20. The composition of claim 19 wherein the ashless dispersant is selected from hydrocarbyl succinimides, hydrocarbyl succinamides, mixed ester/amides of hydrocarbyl-substituted succinic acid, hydroxyesters of hydrocarbyl-substituted succinic acid, Mannich condensation products of hydrocarbyl-substituted phenols, formaldehyde and polyamines, and mixtures thereof.

21. The composition of claim 19 wherein the amount of phosphorus acid or anhydride is from about 0.001 mole to 0.999 mole per mole of basic nitrogen and hydroxyl in the composition and the amount of boron compound is from about 0.001 mole to about 1 mole per mole of basic nitrogen and hydroxyl in the mixture which is in excess of the molar amount of phosphorus acid.

22. The composition of claim 20 wherein the ashless dispersant is a hydrocarbyl succinimide.

23. The composition of claim 22 wherein the ashless dispersant is a polyisobutenyl succinimide in which the polyisobutenyl group has a number average molecular weight of from about 800 to 5,000.

24. The composition of claim 23 wherein the acid is phosphorous acid and the boron compound is boric acid.

25. The composition of claim 19 wherein the acid is phosphorous acid and the boron compound is boric acid.

26. The composition of claim 9 which contains a benzotriazole.

27. A process for preparing an oil-soluble lubricant additive from an inorganic phosphorus acid or anhydride, including partial and total sulfur analogs thereof comprising heating a mixture of said acid or anhydride with a boron compound and an ashless dispersant which contains basic nitrogen and/or a hydroxyl group until a clear, oil-soluble solution is obtained.

28. The process of claim 27 wherein the mixture is heated at a temperature of from about 40°-150° C. for about 1 to 3 hours.

29. The process of claim 28 wherein the ashless dispersant is selected from hydrocarbyl succinimides, hydrocarbyl succinamides, mixed ester/amides of hydrocarbyl-substituted succinic acid, hydroxyesters of hydrocarbyl-substituted succinic acid, Mannich condensation products of hydrocarbyl-substituted phenols, formaldehyde and polyamines, and mixtures thereof.
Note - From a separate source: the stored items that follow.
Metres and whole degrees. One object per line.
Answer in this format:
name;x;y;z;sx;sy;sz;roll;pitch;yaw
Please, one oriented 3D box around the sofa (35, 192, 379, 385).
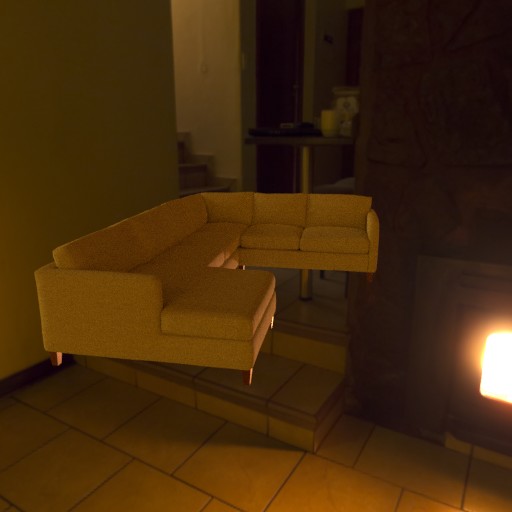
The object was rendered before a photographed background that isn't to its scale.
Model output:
sofa;0.000;0.000;4.575;2.594;0.961;3.460;3;15;10

30. The process of claim 29 wherein the amount of phosphorus acid or anhydride is from about 0.001 mole to 0.999 mole per mole of basic nitrogen and hydroxyl in the composition and the amount of boron compound is from about 0.001 mole to about 1 mole per mole of basic nitrogen and hydroxyl in the mixture which is in excess of the molar amount of phosphorus acid.

31. The process of claim 30 wherein the ashless dispersant is a hydrocarbyl succinimide.

32. The process of claim 31 wherein the ashless dispersant is a polyisobutenyl succinimide in which the polyisobutenyl group has a number average molecular weight of from about 800 to 5,000.

33. The process of claim 31 wherein the acid is phosphorous acid, the boron compound is boric acid and water is added to the mixture.

34. The process of claim 27 which is carried out in the presence of a benzotriazole.

35. The process of claim 27 which is carried out in the presence of a C₁₂ to C₂₄ alkyl amine so as to provide a molar amount of basic nitrogen up to that equal to the molar amount of basic nitrogen contributed by the ashless dispersant.